▶ **Stored data**
----------

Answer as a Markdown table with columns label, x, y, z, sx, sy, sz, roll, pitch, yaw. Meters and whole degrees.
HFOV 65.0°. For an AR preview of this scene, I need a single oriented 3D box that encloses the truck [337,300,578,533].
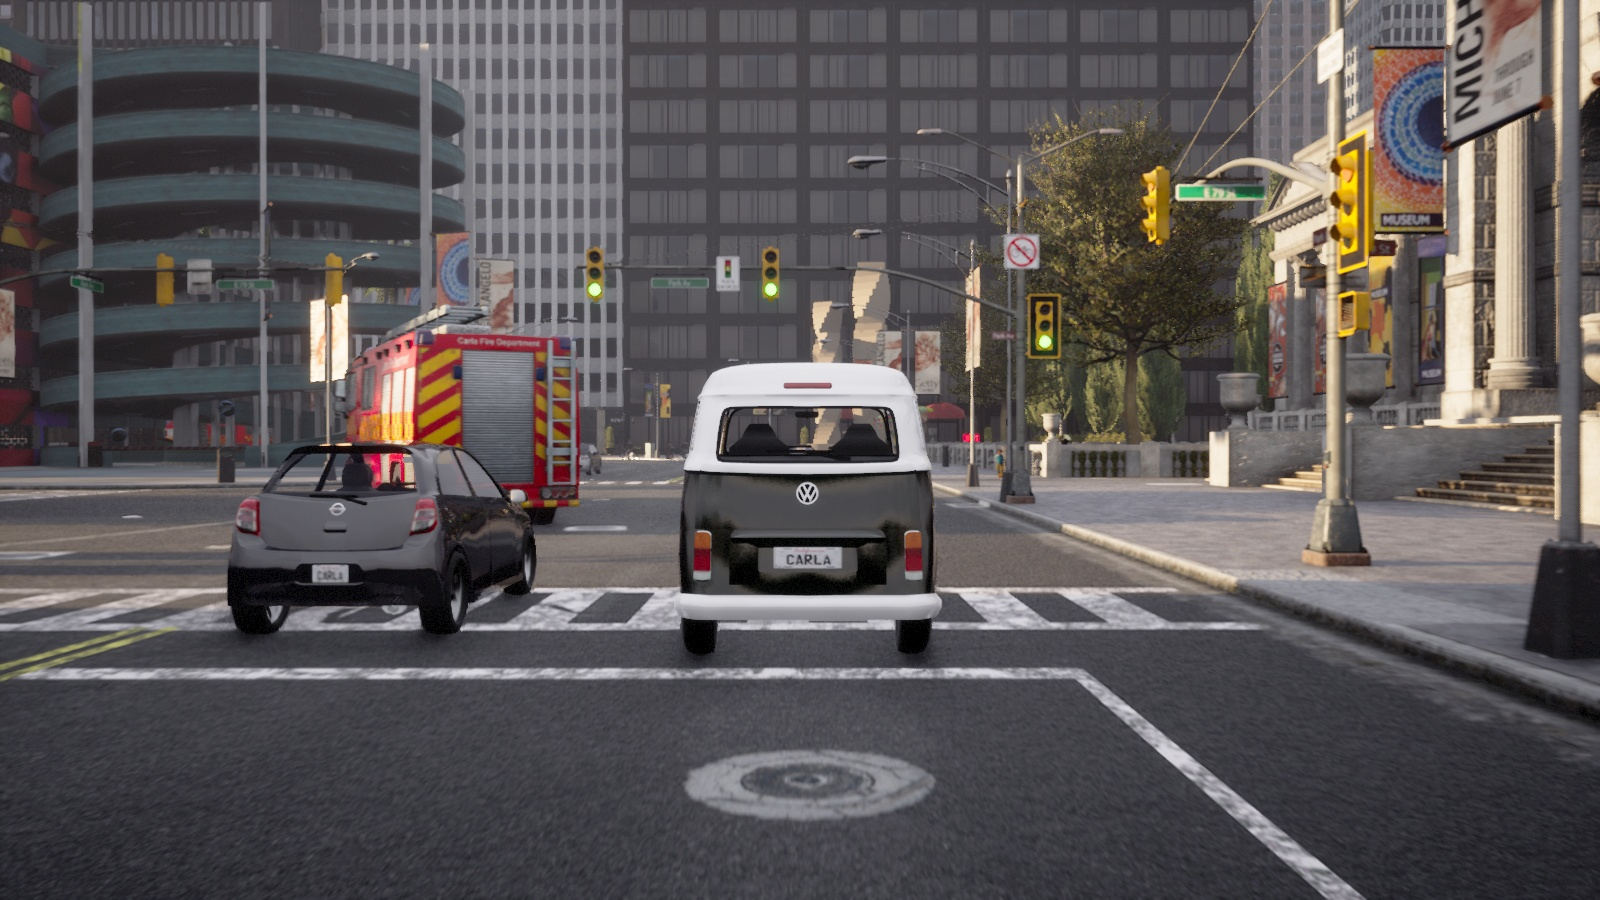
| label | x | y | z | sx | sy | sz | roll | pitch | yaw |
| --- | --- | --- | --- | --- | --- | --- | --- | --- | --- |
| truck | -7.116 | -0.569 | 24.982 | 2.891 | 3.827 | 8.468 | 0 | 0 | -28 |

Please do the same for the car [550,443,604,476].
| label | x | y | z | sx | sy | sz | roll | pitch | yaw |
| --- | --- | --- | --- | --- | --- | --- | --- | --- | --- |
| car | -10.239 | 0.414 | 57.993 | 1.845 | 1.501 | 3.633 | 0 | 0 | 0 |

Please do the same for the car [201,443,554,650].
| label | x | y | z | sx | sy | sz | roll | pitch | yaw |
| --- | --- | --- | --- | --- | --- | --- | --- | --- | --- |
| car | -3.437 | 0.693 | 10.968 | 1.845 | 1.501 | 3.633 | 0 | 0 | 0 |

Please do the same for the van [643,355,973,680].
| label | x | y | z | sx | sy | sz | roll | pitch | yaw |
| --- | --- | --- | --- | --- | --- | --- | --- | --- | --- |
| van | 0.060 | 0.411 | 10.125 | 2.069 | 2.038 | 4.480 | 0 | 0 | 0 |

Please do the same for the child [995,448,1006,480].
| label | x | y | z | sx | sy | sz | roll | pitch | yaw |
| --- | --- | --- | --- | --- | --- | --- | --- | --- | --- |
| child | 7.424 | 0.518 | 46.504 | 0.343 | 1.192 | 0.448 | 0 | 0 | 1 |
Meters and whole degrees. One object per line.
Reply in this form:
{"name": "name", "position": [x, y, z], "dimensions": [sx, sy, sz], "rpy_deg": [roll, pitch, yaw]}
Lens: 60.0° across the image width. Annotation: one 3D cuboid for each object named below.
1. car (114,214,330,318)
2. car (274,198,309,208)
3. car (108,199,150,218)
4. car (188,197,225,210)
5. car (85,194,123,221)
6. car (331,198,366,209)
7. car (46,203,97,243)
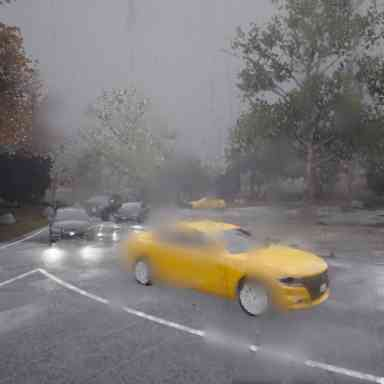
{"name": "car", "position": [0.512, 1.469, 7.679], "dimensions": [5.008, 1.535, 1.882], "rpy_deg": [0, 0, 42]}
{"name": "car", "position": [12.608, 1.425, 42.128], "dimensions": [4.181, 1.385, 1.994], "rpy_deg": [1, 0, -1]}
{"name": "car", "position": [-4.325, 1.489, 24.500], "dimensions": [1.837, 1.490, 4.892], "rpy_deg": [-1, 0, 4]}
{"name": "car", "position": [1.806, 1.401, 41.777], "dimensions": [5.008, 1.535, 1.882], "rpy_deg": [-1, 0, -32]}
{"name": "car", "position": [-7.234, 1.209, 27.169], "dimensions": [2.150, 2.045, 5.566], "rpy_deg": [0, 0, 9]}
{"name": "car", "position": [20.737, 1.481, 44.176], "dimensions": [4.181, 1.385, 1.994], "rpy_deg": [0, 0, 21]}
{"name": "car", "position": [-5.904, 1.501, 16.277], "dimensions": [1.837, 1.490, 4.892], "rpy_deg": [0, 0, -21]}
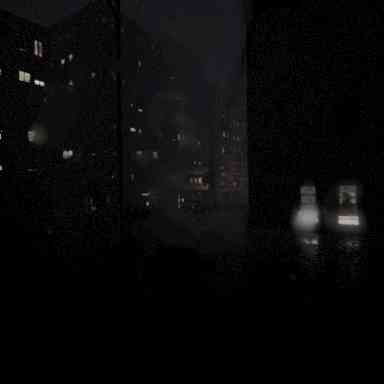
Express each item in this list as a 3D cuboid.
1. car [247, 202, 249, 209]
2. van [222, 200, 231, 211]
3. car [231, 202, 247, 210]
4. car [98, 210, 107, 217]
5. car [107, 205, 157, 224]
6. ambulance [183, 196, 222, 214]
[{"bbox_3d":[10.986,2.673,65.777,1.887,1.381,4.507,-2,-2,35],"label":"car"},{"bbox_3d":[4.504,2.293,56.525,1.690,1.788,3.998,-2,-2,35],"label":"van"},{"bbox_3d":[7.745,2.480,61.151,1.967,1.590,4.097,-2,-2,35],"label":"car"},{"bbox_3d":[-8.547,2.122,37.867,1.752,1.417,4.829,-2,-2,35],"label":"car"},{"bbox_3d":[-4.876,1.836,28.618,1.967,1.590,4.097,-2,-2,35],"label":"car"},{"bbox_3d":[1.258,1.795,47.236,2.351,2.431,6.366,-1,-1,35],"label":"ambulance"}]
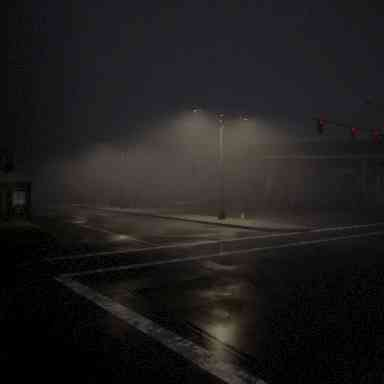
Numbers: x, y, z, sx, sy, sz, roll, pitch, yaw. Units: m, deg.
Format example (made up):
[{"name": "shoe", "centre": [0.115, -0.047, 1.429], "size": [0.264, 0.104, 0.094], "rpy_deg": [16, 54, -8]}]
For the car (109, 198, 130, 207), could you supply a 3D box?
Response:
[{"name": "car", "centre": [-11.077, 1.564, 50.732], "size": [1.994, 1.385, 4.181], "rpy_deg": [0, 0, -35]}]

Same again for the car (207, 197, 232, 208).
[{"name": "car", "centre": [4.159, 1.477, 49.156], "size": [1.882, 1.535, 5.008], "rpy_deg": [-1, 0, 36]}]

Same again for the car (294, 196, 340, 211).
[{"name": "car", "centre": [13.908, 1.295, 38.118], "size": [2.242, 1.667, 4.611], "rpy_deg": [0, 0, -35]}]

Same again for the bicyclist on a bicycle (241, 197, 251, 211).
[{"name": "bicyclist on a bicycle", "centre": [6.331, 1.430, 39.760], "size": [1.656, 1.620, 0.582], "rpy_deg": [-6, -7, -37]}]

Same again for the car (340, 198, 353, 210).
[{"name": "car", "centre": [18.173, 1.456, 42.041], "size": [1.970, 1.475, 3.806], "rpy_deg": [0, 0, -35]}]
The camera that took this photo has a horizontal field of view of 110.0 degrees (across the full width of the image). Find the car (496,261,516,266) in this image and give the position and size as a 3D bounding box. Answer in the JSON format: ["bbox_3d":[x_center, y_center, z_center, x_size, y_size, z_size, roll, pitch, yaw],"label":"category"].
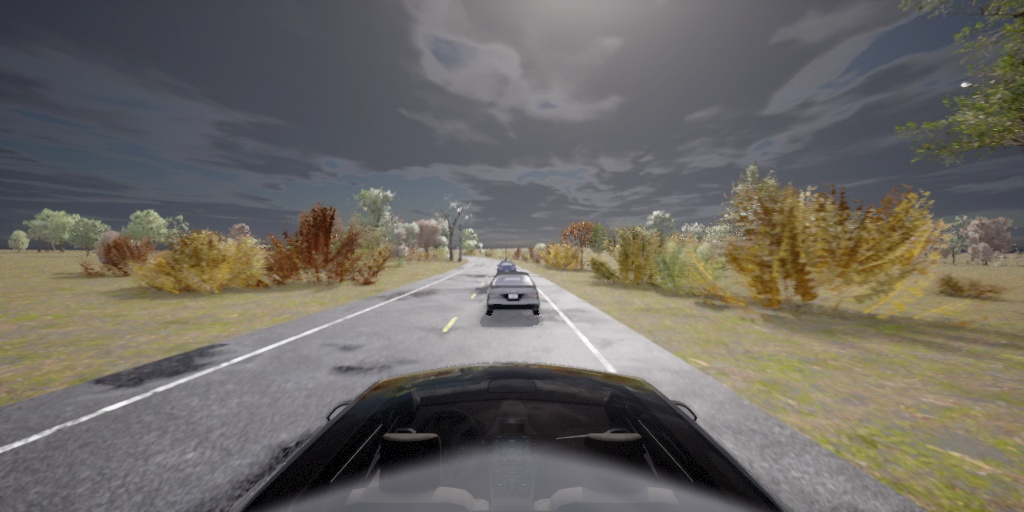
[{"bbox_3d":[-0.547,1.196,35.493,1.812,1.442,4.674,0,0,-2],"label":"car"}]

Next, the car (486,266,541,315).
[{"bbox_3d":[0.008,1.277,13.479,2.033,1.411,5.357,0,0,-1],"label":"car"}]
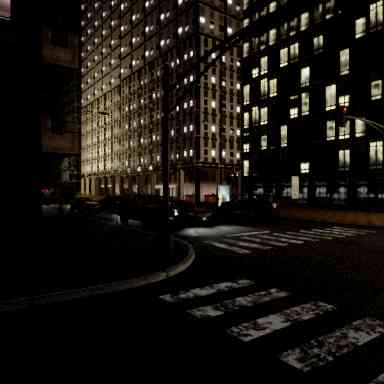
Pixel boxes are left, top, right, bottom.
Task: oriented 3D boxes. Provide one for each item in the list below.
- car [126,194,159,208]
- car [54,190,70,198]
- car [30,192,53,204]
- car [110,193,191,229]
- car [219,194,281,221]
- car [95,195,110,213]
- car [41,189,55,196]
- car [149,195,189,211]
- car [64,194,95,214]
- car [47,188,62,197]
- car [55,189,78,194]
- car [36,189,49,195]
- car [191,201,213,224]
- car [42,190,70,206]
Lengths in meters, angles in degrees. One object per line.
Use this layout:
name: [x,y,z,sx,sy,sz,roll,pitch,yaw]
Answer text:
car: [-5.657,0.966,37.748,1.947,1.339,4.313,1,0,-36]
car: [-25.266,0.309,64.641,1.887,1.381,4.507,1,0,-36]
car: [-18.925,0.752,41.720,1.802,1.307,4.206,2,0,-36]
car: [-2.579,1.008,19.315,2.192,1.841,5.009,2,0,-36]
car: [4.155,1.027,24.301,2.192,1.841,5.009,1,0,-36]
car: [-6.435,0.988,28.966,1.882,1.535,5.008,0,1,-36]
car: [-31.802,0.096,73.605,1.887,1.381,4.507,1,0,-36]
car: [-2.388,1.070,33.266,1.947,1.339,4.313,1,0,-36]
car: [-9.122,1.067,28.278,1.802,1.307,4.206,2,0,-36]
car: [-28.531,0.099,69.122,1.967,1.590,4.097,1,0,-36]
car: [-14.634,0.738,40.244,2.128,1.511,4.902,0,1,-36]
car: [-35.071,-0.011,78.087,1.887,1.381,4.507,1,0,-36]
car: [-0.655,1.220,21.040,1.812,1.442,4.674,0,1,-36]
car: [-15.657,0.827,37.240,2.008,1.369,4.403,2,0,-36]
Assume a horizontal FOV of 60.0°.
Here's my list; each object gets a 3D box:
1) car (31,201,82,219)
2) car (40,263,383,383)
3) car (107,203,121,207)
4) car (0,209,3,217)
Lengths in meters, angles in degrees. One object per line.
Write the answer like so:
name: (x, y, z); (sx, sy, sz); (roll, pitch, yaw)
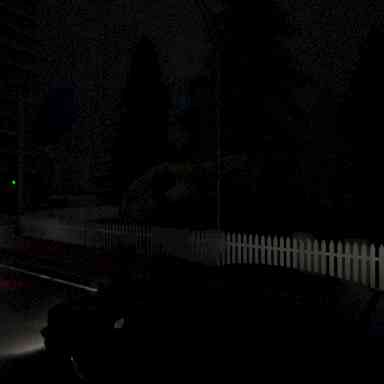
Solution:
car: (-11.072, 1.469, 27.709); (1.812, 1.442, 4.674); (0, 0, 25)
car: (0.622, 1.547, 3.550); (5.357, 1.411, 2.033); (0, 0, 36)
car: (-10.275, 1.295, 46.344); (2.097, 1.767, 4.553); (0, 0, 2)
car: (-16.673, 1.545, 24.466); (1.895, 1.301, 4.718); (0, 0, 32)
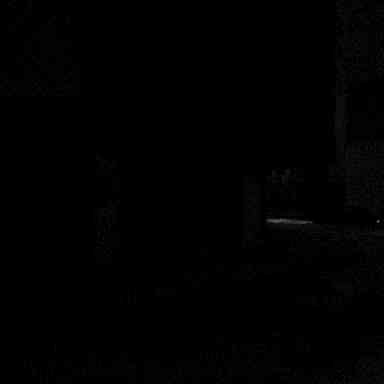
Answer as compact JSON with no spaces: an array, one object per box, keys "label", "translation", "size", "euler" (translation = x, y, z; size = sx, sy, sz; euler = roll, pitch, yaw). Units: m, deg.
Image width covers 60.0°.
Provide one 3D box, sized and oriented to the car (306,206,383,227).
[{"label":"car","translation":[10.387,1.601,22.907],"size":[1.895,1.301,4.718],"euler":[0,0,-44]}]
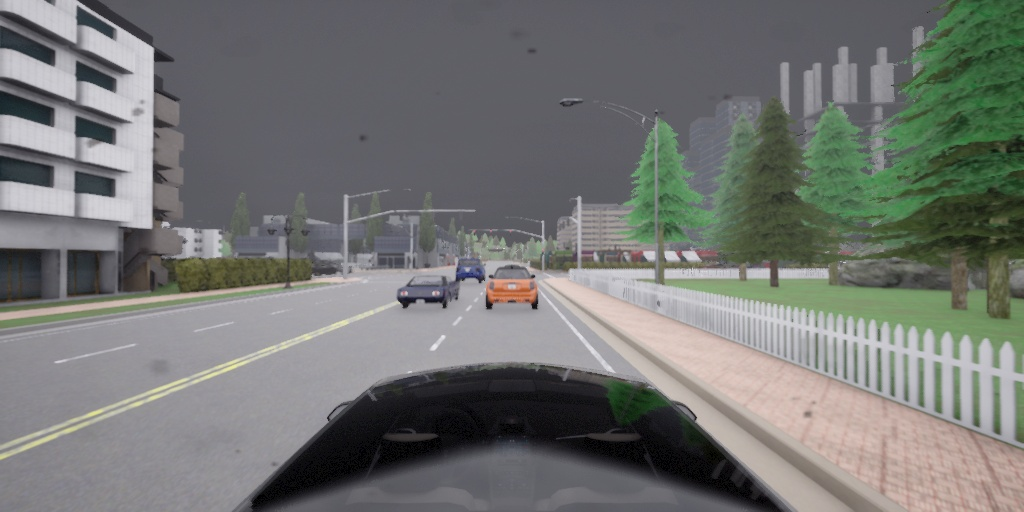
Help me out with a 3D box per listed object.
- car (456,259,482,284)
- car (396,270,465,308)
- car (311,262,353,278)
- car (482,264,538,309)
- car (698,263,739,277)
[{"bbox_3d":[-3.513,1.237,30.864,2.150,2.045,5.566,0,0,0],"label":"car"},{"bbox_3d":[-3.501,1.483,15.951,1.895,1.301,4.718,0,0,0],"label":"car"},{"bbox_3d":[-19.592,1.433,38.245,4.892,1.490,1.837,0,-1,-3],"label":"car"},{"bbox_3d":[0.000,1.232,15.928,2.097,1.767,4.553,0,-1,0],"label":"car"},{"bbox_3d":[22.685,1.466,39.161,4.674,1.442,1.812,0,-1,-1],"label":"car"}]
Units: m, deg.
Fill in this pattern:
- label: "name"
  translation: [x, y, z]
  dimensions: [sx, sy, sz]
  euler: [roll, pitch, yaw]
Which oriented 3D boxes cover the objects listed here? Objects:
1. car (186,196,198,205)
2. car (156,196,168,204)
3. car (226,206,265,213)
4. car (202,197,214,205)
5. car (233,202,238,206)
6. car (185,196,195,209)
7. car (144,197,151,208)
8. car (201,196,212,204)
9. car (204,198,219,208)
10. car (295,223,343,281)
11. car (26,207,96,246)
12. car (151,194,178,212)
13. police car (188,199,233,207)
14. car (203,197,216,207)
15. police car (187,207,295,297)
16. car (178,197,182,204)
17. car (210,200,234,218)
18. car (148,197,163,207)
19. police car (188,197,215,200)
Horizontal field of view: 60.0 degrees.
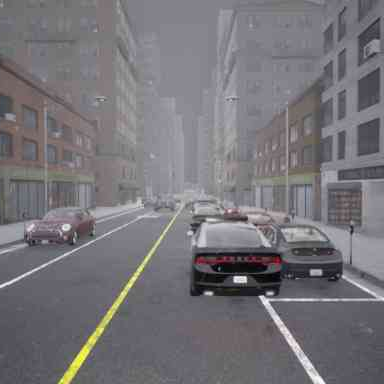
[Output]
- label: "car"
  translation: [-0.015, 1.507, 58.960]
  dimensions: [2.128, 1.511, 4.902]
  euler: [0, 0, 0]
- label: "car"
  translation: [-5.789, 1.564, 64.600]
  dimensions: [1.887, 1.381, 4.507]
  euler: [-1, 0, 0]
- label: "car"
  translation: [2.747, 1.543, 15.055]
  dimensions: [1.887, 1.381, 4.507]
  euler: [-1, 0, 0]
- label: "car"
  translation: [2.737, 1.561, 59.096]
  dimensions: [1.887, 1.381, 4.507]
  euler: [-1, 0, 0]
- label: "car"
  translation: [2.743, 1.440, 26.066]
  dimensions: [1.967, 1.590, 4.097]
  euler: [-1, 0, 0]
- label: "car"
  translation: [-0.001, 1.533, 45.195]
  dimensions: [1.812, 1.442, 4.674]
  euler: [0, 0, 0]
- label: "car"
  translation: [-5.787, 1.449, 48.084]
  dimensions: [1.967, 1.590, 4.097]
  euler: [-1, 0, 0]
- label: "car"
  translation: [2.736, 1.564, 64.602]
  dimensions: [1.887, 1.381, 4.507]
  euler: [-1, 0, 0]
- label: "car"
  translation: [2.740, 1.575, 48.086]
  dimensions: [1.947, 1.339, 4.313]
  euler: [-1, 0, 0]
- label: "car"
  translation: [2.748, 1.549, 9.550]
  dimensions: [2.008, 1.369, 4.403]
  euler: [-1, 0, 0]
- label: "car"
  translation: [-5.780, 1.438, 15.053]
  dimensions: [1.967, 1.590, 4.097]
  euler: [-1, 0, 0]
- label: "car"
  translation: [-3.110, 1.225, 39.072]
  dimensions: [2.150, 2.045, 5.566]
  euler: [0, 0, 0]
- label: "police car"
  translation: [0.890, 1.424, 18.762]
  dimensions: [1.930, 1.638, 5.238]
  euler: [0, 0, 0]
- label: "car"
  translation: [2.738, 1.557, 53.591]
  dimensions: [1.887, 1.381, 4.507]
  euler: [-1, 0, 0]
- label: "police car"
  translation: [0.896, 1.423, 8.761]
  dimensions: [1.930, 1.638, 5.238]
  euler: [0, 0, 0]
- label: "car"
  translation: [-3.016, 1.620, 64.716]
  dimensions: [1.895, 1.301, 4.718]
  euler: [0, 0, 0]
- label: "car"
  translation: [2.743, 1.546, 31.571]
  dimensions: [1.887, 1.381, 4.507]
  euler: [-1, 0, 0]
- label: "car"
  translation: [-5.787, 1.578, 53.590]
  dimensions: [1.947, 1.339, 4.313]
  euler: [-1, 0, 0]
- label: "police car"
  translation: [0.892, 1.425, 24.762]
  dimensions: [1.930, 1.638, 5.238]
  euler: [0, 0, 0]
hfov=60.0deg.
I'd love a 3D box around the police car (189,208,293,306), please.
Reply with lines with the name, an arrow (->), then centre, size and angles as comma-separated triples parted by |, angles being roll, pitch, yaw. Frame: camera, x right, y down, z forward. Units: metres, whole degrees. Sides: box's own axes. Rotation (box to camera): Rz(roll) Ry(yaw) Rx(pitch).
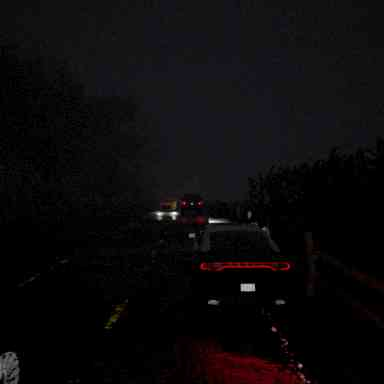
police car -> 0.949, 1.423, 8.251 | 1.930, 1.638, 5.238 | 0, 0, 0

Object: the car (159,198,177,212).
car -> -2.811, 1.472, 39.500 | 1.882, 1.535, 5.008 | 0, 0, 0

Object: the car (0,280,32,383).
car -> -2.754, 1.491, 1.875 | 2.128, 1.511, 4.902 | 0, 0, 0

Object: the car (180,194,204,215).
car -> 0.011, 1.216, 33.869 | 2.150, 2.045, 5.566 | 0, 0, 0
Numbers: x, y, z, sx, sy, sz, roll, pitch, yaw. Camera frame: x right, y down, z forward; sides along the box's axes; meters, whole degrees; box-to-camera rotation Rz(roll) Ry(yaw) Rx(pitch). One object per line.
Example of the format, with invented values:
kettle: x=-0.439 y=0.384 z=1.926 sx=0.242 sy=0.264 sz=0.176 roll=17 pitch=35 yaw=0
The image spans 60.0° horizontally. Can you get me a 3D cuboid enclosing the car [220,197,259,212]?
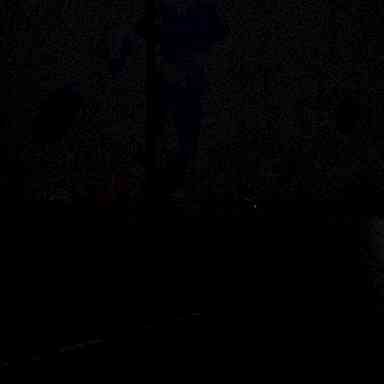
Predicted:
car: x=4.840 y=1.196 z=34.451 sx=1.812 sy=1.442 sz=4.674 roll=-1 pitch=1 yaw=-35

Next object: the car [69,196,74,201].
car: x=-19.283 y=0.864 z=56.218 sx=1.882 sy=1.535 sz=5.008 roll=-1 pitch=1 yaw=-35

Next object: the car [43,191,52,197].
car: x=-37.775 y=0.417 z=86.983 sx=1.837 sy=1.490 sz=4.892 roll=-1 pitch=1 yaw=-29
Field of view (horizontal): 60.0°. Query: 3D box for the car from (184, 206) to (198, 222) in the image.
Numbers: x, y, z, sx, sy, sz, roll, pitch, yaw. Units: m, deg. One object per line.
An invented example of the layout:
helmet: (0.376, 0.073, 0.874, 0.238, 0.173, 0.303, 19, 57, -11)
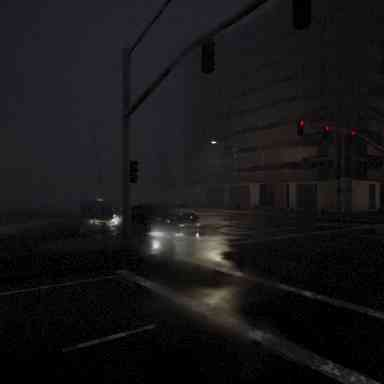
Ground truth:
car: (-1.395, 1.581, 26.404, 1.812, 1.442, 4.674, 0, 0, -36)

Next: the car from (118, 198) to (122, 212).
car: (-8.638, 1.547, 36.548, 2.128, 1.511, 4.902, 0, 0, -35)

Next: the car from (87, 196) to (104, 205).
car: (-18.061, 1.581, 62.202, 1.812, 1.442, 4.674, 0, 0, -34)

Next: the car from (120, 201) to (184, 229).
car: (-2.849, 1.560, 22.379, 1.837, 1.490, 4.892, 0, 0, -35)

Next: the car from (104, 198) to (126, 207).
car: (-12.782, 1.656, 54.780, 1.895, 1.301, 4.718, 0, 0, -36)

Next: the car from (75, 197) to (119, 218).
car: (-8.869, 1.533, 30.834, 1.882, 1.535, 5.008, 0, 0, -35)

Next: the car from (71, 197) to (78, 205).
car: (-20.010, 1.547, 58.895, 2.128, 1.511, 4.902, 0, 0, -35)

----------

▶ **Problem**
Above are the records; from them, give again exactly the lines from the one containing "5. car (233,202,238,206)" to the one containing "Horizontal field of view: 60.0 degrees.", both lines included, and nothing more.

▶ **Task answer**
5. car (233,202,238,206)
6. car (185,196,195,209)
7. car (144,197,151,208)
8. car (201,196,212,204)
9. car (204,198,219,208)
10. car (295,223,343,281)
11. car (26,207,96,246)
12. car (151,194,178,212)
13. police car (188,199,233,207)
14. car (203,197,216,207)
15. police car (187,207,295,297)
16. car (178,197,182,204)
17. car (210,200,234,218)
18. car (148,197,163,207)
19. police car (188,197,215,200)
Horizontal field of view: 60.0 degrees.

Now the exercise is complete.